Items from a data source
--
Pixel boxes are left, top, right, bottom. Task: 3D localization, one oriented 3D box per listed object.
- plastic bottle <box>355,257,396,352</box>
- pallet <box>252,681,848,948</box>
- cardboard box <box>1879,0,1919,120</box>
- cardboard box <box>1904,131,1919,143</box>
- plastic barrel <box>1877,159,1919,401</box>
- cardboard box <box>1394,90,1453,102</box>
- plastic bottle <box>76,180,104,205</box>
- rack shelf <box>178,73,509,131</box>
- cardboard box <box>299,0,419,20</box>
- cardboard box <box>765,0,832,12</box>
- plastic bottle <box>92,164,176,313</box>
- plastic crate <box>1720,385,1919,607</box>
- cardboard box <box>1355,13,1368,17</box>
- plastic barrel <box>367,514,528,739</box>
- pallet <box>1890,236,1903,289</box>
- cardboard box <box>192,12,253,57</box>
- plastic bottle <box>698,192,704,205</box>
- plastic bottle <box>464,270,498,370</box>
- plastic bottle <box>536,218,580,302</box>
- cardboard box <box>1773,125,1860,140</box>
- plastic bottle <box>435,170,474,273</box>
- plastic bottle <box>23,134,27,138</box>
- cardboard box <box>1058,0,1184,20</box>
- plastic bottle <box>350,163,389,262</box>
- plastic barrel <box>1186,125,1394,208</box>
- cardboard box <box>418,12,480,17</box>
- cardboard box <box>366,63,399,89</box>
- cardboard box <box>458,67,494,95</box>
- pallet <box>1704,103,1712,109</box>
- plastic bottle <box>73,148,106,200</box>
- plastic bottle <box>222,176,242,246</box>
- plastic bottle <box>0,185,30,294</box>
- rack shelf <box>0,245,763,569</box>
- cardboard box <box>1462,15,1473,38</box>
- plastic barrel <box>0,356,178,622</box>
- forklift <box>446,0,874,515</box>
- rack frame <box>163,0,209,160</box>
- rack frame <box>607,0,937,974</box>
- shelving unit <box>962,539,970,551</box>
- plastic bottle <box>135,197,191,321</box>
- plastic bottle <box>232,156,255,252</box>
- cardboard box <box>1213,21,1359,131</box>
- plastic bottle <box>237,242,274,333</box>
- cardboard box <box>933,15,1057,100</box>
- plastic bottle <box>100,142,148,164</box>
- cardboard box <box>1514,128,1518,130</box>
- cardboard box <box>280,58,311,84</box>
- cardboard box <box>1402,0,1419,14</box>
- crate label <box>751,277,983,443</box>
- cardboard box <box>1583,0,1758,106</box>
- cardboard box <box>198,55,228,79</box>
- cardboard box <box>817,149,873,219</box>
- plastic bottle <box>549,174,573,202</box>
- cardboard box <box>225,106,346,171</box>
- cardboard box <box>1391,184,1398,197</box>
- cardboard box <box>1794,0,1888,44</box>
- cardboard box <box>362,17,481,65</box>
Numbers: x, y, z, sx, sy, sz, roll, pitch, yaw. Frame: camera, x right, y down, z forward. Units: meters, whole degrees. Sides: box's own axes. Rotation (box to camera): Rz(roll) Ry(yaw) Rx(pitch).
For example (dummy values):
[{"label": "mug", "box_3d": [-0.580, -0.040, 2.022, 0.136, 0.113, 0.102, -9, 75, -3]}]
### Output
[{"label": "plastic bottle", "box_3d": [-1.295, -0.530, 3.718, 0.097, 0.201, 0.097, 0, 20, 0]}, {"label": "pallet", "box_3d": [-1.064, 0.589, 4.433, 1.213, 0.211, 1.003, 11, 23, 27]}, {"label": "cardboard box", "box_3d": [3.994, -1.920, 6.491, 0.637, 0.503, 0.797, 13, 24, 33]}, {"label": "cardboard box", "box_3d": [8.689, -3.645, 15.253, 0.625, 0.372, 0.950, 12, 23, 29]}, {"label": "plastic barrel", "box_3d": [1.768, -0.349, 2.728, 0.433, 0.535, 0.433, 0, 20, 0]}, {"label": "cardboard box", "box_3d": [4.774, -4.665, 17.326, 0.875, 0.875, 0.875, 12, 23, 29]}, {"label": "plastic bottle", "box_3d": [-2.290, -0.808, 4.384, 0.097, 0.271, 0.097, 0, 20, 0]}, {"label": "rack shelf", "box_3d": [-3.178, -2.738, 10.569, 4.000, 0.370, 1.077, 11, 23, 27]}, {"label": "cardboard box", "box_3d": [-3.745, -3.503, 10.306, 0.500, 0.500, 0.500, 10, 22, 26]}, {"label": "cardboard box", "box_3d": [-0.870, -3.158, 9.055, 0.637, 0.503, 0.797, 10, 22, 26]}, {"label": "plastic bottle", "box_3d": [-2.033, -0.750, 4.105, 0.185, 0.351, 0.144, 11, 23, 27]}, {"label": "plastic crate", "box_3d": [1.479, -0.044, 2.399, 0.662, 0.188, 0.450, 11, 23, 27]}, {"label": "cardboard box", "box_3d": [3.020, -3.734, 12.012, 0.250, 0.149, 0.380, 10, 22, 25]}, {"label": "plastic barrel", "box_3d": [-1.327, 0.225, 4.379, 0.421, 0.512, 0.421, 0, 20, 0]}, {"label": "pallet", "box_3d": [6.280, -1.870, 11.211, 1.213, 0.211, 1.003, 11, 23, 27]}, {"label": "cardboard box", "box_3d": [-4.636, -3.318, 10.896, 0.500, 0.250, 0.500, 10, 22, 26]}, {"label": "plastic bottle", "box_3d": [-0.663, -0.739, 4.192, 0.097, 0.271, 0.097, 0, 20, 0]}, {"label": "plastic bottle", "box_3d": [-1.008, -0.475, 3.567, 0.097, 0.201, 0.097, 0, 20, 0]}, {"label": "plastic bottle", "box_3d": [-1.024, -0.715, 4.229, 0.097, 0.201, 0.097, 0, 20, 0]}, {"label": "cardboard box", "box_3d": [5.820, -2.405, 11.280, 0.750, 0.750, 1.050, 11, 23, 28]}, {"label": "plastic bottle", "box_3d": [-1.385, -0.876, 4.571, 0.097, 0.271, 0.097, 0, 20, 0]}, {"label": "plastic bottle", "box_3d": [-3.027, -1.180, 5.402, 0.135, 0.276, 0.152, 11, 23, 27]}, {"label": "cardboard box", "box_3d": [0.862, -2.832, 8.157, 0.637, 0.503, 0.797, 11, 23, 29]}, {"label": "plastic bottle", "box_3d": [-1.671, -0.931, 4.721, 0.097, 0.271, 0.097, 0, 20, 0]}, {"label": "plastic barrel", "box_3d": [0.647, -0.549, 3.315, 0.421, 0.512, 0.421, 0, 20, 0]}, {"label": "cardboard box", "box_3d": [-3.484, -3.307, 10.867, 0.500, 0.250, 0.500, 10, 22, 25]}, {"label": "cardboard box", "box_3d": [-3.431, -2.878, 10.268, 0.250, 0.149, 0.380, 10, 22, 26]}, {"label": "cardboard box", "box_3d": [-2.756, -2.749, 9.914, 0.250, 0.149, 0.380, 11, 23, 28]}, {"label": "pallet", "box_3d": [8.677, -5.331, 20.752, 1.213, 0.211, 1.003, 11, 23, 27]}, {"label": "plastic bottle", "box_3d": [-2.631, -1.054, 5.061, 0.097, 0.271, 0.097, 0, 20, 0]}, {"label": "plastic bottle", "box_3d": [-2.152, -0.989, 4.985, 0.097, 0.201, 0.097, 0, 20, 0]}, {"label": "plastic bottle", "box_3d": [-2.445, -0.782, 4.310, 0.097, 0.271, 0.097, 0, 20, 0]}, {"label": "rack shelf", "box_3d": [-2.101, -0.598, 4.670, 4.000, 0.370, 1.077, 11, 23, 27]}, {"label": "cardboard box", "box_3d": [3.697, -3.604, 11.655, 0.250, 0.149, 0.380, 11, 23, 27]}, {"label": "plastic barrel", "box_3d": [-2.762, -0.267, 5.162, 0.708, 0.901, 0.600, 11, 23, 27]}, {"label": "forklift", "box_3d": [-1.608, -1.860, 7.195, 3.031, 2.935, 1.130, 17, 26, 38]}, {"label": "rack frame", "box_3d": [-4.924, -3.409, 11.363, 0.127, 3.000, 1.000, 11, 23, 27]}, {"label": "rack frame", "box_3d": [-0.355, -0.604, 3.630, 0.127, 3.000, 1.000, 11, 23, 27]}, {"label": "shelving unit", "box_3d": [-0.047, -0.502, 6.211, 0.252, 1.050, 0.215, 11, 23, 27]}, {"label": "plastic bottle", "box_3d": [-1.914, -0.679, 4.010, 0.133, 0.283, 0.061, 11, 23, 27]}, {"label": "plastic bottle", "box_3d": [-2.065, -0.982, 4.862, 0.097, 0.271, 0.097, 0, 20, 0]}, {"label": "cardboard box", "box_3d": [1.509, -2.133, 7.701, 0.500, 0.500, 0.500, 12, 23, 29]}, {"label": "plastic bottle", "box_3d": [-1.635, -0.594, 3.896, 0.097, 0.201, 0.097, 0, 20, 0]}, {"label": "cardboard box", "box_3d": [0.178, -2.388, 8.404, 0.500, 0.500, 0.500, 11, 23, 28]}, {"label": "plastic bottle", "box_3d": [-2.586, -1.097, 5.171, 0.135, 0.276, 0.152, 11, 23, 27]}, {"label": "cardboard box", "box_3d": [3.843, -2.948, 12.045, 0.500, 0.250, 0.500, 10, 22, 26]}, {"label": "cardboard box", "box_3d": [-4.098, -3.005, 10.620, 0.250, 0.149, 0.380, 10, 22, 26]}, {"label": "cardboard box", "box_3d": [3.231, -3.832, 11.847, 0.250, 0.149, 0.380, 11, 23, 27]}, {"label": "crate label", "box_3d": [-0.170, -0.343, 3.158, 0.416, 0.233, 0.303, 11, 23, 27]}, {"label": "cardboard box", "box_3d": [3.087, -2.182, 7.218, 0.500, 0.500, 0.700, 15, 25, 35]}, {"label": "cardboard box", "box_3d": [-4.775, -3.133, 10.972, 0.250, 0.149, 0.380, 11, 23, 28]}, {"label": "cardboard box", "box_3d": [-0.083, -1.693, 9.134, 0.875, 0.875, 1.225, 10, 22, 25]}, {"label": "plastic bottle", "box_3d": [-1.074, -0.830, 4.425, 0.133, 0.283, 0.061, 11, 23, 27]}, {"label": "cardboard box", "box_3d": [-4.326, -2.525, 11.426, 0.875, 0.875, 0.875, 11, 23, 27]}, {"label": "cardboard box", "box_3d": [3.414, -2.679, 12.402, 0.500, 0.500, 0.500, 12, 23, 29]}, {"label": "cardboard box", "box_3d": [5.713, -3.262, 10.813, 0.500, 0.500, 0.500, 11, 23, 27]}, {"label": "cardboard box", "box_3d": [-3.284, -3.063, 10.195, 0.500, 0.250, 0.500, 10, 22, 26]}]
--
● **Goal of the exercise**: Transcribe, exactly and without additions, the lines of the records above, beginning with the line that contains "- cardboard box <box>1394,90,1453,102</box>" and ending with the line that contains "- cardboard box <box>362,17,481,65</box>", both included.

● **Task solution**:
- cardboard box <box>1394,90,1453,102</box>
- plastic bottle <box>76,180,104,205</box>
- rack shelf <box>178,73,509,131</box>
- cardboard box <box>299,0,419,20</box>
- cardboard box <box>765,0,832,12</box>
- plastic bottle <box>92,164,176,313</box>
- plastic crate <box>1720,385,1919,607</box>
- cardboard box <box>1355,13,1368,17</box>
- plastic barrel <box>367,514,528,739</box>
- pallet <box>1890,236,1903,289</box>
- cardboard box <box>192,12,253,57</box>
- plastic bottle <box>698,192,704,205</box>
- plastic bottle <box>464,270,498,370</box>
- plastic bottle <box>536,218,580,302</box>
- cardboard box <box>1773,125,1860,140</box>
- plastic bottle <box>435,170,474,273</box>
- plastic bottle <box>23,134,27,138</box>
- cardboard box <box>1058,0,1184,20</box>
- plastic bottle <box>350,163,389,262</box>
- plastic barrel <box>1186,125,1394,208</box>
- cardboard box <box>418,12,480,17</box>
- cardboard box <box>366,63,399,89</box>
- cardboard box <box>458,67,494,95</box>
- pallet <box>1704,103,1712,109</box>
- plastic bottle <box>73,148,106,200</box>
- plastic bottle <box>222,176,242,246</box>
- plastic bottle <box>0,185,30,294</box>
- rack shelf <box>0,245,763,569</box>
- cardboard box <box>1462,15,1473,38</box>
- plastic barrel <box>0,356,178,622</box>
- forklift <box>446,0,874,515</box>
- rack frame <box>163,0,209,160</box>
- rack frame <box>607,0,937,974</box>
- shelving unit <box>962,539,970,551</box>
- plastic bottle <box>135,197,191,321</box>
- plastic bottle <box>232,156,255,252</box>
- cardboard box <box>1213,21,1359,131</box>
- plastic bottle <box>237,242,274,333</box>
- cardboard box <box>933,15,1057,100</box>
- plastic bottle <box>100,142,148,164</box>
- cardboard box <box>1514,128,1518,130</box>
- cardboard box <box>280,58,311,84</box>
- cardboard box <box>1402,0,1419,14</box>
- crate label <box>751,277,983,443</box>
- cardboard box <box>1583,0,1758,106</box>
- cardboard box <box>198,55,228,79</box>
- cardboard box <box>817,149,873,219</box>
- plastic bottle <box>549,174,573,202</box>
- cardboard box <box>225,106,346,171</box>
- cardboard box <box>1391,184,1398,197</box>
- cardboard box <box>1794,0,1888,44</box>
- cardboard box <box>362,17,481,65</box>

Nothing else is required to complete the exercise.